*WORK TO BE COMPLETED:* Nothing in the listing may be skipped; repeat it all exactly.

*RECORDS SUPPLIED:*

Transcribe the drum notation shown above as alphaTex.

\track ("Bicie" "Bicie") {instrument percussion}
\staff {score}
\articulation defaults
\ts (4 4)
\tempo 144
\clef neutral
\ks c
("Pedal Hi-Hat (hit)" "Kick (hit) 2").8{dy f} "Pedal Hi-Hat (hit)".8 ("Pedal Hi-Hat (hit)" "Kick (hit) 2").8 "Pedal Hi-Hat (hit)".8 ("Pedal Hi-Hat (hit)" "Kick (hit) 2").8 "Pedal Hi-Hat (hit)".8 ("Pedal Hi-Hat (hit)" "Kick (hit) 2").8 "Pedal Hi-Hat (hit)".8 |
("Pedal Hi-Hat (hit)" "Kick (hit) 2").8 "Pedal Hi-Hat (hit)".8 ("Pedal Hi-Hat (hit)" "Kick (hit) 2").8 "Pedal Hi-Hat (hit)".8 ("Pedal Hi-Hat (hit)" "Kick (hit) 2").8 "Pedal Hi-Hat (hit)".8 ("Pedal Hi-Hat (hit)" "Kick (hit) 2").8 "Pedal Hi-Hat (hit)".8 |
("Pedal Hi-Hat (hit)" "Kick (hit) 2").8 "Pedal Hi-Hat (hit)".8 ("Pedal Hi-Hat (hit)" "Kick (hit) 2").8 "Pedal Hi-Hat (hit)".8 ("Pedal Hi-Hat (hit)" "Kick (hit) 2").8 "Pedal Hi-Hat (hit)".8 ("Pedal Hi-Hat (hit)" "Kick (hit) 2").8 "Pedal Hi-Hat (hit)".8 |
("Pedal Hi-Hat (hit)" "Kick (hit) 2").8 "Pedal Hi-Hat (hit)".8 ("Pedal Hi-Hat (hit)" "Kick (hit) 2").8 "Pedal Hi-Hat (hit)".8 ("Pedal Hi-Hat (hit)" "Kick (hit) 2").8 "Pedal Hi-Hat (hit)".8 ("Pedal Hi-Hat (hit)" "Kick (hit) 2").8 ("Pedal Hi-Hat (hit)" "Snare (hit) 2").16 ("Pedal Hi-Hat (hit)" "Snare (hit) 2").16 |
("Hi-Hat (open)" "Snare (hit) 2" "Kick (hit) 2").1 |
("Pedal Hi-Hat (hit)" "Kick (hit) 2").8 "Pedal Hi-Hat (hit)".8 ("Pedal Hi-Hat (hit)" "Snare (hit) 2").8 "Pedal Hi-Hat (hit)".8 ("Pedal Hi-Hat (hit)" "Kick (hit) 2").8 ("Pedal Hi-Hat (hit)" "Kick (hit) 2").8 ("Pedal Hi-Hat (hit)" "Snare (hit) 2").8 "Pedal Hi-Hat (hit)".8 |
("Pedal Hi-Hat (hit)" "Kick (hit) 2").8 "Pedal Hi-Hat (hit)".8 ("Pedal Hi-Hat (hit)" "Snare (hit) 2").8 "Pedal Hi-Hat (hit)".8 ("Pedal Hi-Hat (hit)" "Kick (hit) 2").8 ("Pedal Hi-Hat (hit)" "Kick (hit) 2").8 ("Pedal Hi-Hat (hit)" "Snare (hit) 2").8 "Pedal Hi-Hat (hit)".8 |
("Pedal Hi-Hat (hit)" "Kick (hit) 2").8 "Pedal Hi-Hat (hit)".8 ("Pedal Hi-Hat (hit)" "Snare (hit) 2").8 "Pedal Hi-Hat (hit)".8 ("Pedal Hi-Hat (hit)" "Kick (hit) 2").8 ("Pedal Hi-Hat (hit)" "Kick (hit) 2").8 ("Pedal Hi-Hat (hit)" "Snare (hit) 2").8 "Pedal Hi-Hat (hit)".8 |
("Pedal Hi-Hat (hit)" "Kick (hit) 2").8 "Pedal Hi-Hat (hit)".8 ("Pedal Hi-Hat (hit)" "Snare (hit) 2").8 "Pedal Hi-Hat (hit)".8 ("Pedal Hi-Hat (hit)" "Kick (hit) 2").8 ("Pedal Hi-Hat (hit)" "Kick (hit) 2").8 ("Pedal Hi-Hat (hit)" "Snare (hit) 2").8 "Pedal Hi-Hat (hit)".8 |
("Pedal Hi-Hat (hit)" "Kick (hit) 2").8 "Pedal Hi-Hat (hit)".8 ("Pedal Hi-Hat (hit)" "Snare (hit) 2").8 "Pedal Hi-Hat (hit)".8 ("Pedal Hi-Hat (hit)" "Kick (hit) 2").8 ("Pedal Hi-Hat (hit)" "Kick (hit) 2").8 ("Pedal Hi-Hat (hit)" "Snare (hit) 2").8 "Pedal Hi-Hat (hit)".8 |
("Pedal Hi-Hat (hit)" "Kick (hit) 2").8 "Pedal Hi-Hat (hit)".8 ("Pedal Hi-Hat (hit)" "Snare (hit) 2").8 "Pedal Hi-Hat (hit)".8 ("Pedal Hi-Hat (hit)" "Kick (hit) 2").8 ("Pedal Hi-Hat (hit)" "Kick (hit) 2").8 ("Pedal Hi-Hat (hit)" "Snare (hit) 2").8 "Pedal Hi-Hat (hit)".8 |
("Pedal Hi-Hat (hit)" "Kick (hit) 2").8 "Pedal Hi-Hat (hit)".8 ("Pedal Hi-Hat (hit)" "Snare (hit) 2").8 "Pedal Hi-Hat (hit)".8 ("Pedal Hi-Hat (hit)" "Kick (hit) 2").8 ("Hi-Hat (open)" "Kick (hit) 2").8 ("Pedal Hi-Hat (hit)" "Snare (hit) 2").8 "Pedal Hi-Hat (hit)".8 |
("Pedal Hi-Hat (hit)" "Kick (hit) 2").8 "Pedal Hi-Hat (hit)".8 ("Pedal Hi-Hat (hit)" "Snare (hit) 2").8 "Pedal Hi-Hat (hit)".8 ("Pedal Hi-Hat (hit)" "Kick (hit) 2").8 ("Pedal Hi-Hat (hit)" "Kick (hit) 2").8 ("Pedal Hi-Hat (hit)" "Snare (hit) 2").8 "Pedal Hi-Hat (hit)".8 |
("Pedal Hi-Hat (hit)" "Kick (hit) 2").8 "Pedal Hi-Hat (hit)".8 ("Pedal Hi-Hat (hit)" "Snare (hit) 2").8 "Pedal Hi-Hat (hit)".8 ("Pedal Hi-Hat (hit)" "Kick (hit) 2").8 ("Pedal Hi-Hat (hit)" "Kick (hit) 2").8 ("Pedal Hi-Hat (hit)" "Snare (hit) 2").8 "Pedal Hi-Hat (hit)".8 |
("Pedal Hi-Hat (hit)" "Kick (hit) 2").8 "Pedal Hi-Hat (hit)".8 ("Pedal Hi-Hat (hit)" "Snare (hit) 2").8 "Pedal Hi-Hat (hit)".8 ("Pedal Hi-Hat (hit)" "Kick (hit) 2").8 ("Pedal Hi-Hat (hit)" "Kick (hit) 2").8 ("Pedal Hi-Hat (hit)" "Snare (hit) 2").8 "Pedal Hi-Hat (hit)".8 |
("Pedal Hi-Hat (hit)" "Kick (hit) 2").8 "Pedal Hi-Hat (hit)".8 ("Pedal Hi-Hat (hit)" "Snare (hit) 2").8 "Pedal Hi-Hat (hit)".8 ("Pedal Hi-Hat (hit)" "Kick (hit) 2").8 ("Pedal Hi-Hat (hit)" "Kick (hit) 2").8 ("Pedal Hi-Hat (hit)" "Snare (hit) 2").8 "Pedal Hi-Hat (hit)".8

*WRITTEN RESPONSE:*
Transcribe the drum notation shown above as alphaTex.

\track ("Bicie" "Bicie") {instrument percussion}
\staff {score}
\articulation defaults
\ts (4 4)
\tempo 144
\clef neutral
\ks c
("Pedal Hi-Hat (hit)" "Kick (hit) 2").8{dy f} "Pedal Hi-Hat (hit)".8 ("Pedal Hi-Hat (hit)" "Kick (hit) 2").8 "Pedal Hi-Hat (hit)".8 ("Pedal Hi-Hat (hit)" "Kick (hit) 2").8 "Pedal Hi-Hat (hit)".8 ("Pedal Hi-Hat (hit)" "Kick (hit) 2").8 "Pedal Hi-Hat (hit)".8 |
("Pedal Hi-Hat (hit)" "Kick (hit) 2").8 "Pedal Hi-Hat (hit)".8 ("Pedal Hi-Hat (hit)" "Kick (hit) 2").8 "Pedal Hi-Hat (hit)".8 ("Pedal Hi-Hat (hit)" "Kick (hit) 2").8 "Pedal Hi-Hat (hit)".8 ("Pedal Hi-Hat (hit)" "Kick (hit) 2").8 "Pedal Hi-Hat (hit)".8 |
("Pedal Hi-Hat (hit)" "Kick (hit) 2").8 "Pedal Hi-Hat (hit)".8 ("Pedal Hi-Hat (hit)" "Kick (hit) 2").8 "Pedal Hi-Hat (hit)".8 ("Pedal Hi-Hat (hit)" "Kick (hit) 2").8 "Pedal Hi-Hat (hit)".8 ("Pedal Hi-Hat (hit)" "Kick (hit) 2").8 "Pedal Hi-Hat (hit)".8 |
("Pedal Hi-Hat (hit)" "Kick (hit) 2").8 "Pedal Hi-Hat (hit)".8 ("Pedal Hi-Hat (hit)" "Kick (hit) 2").8 "Pedal Hi-Hat (hit)".8 ("Pedal Hi-Hat (hit)" "Kick (hit) 2").8 "Pedal Hi-Hat (hit)".8 ("Pedal Hi-Hat (hit)" "Kick (hit) 2").8 ("Pedal Hi-Hat (hit)" "Snare (hit) 2").16 ("Pedal Hi-Hat (hit)" "Snare (hit) 2").16 |
("Hi-Hat (open)" "Snare (hit) 2" "Kick (hit) 2").1 |
("Pedal Hi-Hat (hit)" "Kick (hit) 2").8 "Pedal Hi-Hat (hit)".8 ("Pedal Hi-Hat (hit)" "Snare (hit) 2").8 "Pedal Hi-Hat (hit)".8 ("Pedal Hi-Hat (hit)" "Kick (hit) 2").8 ("Pedal Hi-Hat (hit)" "Kick (hit) 2").8 ("Pedal Hi-Hat (hit)" "Snare (hit) 2").8 "Pedal Hi-Hat (hit)".8 |
("Pedal Hi-Hat (hit)" "Kick (hit) 2").8 "Pedal Hi-Hat (hit)".8 ("Pedal Hi-Hat (hit)" "Snare (hit) 2").8 "Pedal Hi-Hat (hit)".8 ("Pedal Hi-Hat (hit)" "Kick (hit) 2").8 ("Pedal Hi-Hat (hit)" "Kick (hit) 2").8 ("Pedal Hi-Hat (hit)" "Snare (hit) 2").8 "Pedal Hi-Hat (hit)".8 |
("Pedal Hi-Hat (hit)" "Kick (hit) 2").8 "Pedal Hi-Hat (hit)".8 ("Pedal Hi-Hat (hit)" "Snare (hit) 2").8 "Pedal Hi-Hat (hit)".8 ("Pedal Hi-Hat (hit)" "Kick (hit) 2").8 ("Pedal Hi-Hat (hit)" "Kick (hit) 2").8 ("Pedal Hi-Hat (hit)" "Snare (hit) 2").8 "Pedal Hi-Hat (hit)".8 |
("Pedal Hi-Hat (hit)" "Kick (hit) 2").8 "Pedal Hi-Hat (hit)".8 ("Pedal Hi-Hat (hit)" "Snare (hit) 2").8 "Pedal Hi-Hat (hit)".8 ("Pedal Hi-Hat (hit)" "Kick (hit) 2").8 ("Pedal Hi-Hat (hit)" "Kick (hit) 2").8 ("Pedal Hi-Hat (hit)" "Snare (hit) 2").8 "Pedal Hi-Hat (hit)".8 |
("Pedal Hi-Hat (hit)" "Kick (hit) 2").8 "Pedal Hi-Hat (hit)".8 ("Pedal Hi-Hat (hit)" "Snare (hit) 2").8 "Pedal Hi-Hat (hit)".8 ("Pedal Hi-Hat (hit)" "Kick (hit) 2").8 ("Pedal Hi-Hat (hit)" "Kick (hit) 2").8 ("Pedal Hi-Hat (hit)" "Snare (hit) 2").8 "Pedal Hi-Hat (hit)".8 |
("Pedal Hi-Hat (hit)" "Kick (hit) 2").8 "Pedal Hi-Hat (hit)".8 ("Pedal Hi-Hat (hit)" "Snare (hit) 2").8 "Pedal Hi-Hat (hit)".8 ("Pedal Hi-Hat (hit)" "Kick (hit) 2").8 ("Pedal Hi-Hat (hit)" "Kick (hit) 2").8 ("Pedal Hi-Hat (hit)" "Snare (hit) 2").8 "Pedal Hi-Hat (hit)".8 |
("Pedal Hi-Hat (hit)" "Kick (hit) 2").8 "Pedal Hi-Hat (hit)".8 ("Pedal Hi-Hat (hit)" "Snare (hit) 2").8 "Pedal Hi-Hat (hit)".8 ("Pedal Hi-Hat (hit)" "Kick (hit) 2").8 ("Hi-Hat (open)" "Kick (hit) 2").8 ("Pedal Hi-Hat (hit)" "Snare (hit) 2").8 "Pedal Hi-Hat (hit)".8 |
("Pedal Hi-Hat (hit)" "Kick (hit) 2").8 "Pedal Hi-Hat (hit)".8 ("Pedal Hi-Hat (hit)" "Snare (hit) 2").8 "Pedal Hi-Hat (hit)".8 ("Pedal Hi-Hat (hit)" "Kick (hit) 2").8 ("Pedal Hi-Hat (hit)" "Kick (hit) 2").8 ("Pedal Hi-Hat (hit)" "Snare (hit) 2").8 "Pedal Hi-Hat (hit)".8 |
("Pedal Hi-Hat (hit)" "Kick (hit) 2").8 "Pedal Hi-Hat (hit)".8 ("Pedal Hi-Hat (hit)" "Snare (hit) 2").8 "Pedal Hi-Hat (hit)".8 ("Pedal Hi-Hat (hit)" "Kick (hit) 2").8 ("Pedal Hi-Hat (hit)" "Kick (hit) 2").8 ("Pedal Hi-Hat (hit)" "Snare (hit) 2").8 "Pedal Hi-Hat (hit)".8 |
("Pedal Hi-Hat (hit)" "Kick (hit) 2").8 "Pedal Hi-Hat (hit)".8 ("Pedal Hi-Hat (hit)" "Snare (hit) 2").8 "Pedal Hi-Hat (hit)".8 ("Pedal Hi-Hat (hit)" "Kick (hit) 2").8 ("Pedal Hi-Hat (hit)" "Kick (hit) 2").8 ("Pedal Hi-Hat (hit)" "Snare (hit) 2").8 "Pedal Hi-Hat (hit)".8 |
("Pedal Hi-Hat (hit)" "Kick (hit) 2").8 "Pedal Hi-Hat (hit)".8 ("Pedal Hi-Hat (hit)" "Snare (hit) 2").8 "Pedal Hi-Hat (hit)".8 ("Pedal Hi-Hat (hit)" "Kick (hit) 2").8 ("Pedal Hi-Hat (hit)" "Kick (hit) 2").8 ("Pedal Hi-Hat (hit)" "Snare (hit) 2").8 "Pedal Hi-Hat (hit)".8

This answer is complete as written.